Os ônibus têm que elevar a suspensão para enfrentar os buracos. Genivaldo Ribeiro, um motorista que trabalha há dez anos no trecho diz que, se chover, não dá para seguir. "É dormir na estrada, sem condições de nada, com sede, com fome, junto com os passageiros", relata.
Um dos trechos mais perigosos é o conhecido como Cintura Fina. O terreno arenoso faz da rodovia uma espuma derrapante. Basta um erro para que os ônibus e caminhões vão parar nas imensas valas que margeiam a estrada.
O asfalto só aparece a 100 quilômetros do porto de Santarém, um importante acesso para o transporte de produtos à Europa e aos Estados Unidos. A promessa do governo é recuperar a BR-163 até 2011. A obra tornaria mais barata a exportação de grãos de Mato Grosso e daria dignidade às famílias que vivem no Pará. O grande desafio do empreendimento, contudo, será asfaltar a rodovia preservando o que ainda resta da Amazônia.
Destruição da floresta
A BR-163, entre Cuiabá e Santarém, assusta não só motoristas. Apesar das más condições, por onde ela passa a presença do homem dobrou. A do boi, triplicou. E a destruição da floresta, quintuplicou.
O governo já aprovou o asfaltamento de 900 quilômetros dentro da Amazônia. Vão pagar pelo asfalto e cobrar pedágio. Empresas privadas interessadas em mandar milhões de toneladas de soja para o Norte, e produtos da Zona Franca de Manaus para o Sul.
As árvores solitárias dão uma idéia do que foi a Floresta Amazônica às margens da estrada, a BR-163. E o asfaltamento da rodovia vai ser o teste para se saber se nós brasileiros vamos conseguir ou não ocupar a Amazônia sem a devastação que foi até agora a marca da chegada do homem a região.
Valeu até agora a lei do mais forte na área de influência da estrada, que abrange um quarto do território nacional, segundo a definição do governo.
A área de influência inclui as zonas mais cobiçadas por madeireiros, garimpeiros, pecuaristas e agricultores. Avanço que é sinônimo de desmatamento.
Para esse imenso território o governo propõe um plano prevendo a criação de dezenas de áreas protegidas, como florestas nacionais, reservas indígenas e unidades de conservação.

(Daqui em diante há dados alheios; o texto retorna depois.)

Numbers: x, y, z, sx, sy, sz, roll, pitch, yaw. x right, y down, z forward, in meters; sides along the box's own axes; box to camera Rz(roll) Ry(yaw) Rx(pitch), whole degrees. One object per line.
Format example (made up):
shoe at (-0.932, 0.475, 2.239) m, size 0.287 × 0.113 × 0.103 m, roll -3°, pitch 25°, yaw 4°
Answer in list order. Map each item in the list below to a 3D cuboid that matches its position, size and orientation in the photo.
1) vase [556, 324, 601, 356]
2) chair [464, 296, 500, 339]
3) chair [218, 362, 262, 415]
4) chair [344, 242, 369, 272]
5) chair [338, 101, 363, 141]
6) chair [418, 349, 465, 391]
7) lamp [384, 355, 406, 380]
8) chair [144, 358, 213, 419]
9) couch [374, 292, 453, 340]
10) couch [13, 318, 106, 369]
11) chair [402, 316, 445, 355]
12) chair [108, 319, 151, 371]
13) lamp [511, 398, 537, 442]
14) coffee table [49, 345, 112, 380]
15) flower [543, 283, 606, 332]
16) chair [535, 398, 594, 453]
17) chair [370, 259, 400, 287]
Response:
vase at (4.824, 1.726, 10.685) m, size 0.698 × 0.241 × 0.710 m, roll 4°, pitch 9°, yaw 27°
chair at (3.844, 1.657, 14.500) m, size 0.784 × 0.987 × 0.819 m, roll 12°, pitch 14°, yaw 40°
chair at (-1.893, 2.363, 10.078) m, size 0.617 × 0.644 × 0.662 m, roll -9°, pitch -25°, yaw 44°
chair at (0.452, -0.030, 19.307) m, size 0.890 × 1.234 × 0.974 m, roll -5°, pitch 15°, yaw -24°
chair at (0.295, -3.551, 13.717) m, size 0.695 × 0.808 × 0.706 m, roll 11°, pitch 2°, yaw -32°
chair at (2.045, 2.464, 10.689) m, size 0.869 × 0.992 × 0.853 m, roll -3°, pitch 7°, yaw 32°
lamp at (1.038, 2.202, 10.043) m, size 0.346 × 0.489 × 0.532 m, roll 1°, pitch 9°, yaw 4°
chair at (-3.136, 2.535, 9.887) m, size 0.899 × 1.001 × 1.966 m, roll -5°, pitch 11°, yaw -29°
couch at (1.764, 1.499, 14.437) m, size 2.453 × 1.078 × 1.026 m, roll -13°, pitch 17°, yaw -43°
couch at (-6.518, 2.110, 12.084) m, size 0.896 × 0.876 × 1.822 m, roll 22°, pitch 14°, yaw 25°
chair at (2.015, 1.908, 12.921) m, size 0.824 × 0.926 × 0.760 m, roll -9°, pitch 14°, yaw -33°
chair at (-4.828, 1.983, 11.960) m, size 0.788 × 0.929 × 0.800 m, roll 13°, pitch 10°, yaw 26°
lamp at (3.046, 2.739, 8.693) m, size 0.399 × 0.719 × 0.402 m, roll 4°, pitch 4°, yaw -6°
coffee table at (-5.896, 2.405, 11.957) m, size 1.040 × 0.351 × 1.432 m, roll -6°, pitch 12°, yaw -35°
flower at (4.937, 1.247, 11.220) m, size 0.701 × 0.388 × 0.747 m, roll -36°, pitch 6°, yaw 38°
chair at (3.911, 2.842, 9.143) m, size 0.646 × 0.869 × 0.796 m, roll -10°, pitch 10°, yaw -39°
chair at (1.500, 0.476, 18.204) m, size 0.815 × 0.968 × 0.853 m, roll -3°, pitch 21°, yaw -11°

E está tentando convencer a população e os interesses locais em Novo Progresso, no Oeste do Pará, de que a combinação de restrições e incentivos, prevista no plano, trará benefícios a todos. Não tem sido um diálogo fácil.
O motivo da briga é claro: Novo Progresso vive da extração e comercialização da madeira, no momento proibida pelo governo, que impôs severas restrições à região inteira em conseqüência do assassinato da freira Dorothy Stang.
Mas a poucos quilômetros dali o negócio da madeira prossegue como sempre.
"Cheguei ontem, é a primeira viagem, fazer o que, tenho de trabalhar", diz o caminhoneiro.
São milhares de pessoas que vivem de uma atividade no momento proibida, que se acostumaram a ver riquezas amontoadas na beira da rua, e para as quais o governo só proíbe, ou não cumpre o que promete.
"O governo obriga a tirar a madeira de maneira irregular, não tem como trabalhar pois o governo não regulariza", diz um trabalhador.
A floresta na região da BR-163 esconde, de fato, enormes riquezas. Em alguns casos é ouro puro, explorado há décadas. Em geral, sem a mínima preocupação com o meio ambiente.
As águas escuras são limpas, são as do Rio Tapajós. Estão sendo poluídas pelo Rio Crepori, contaminado ao longo de dezenas de quilômetros por dejetos lançados por balsas que, segundo a lei, não deveriam estar trabalhando. Ou por garimpos que, segundo as mesmas leis, não deveriam estar poluindo os rios.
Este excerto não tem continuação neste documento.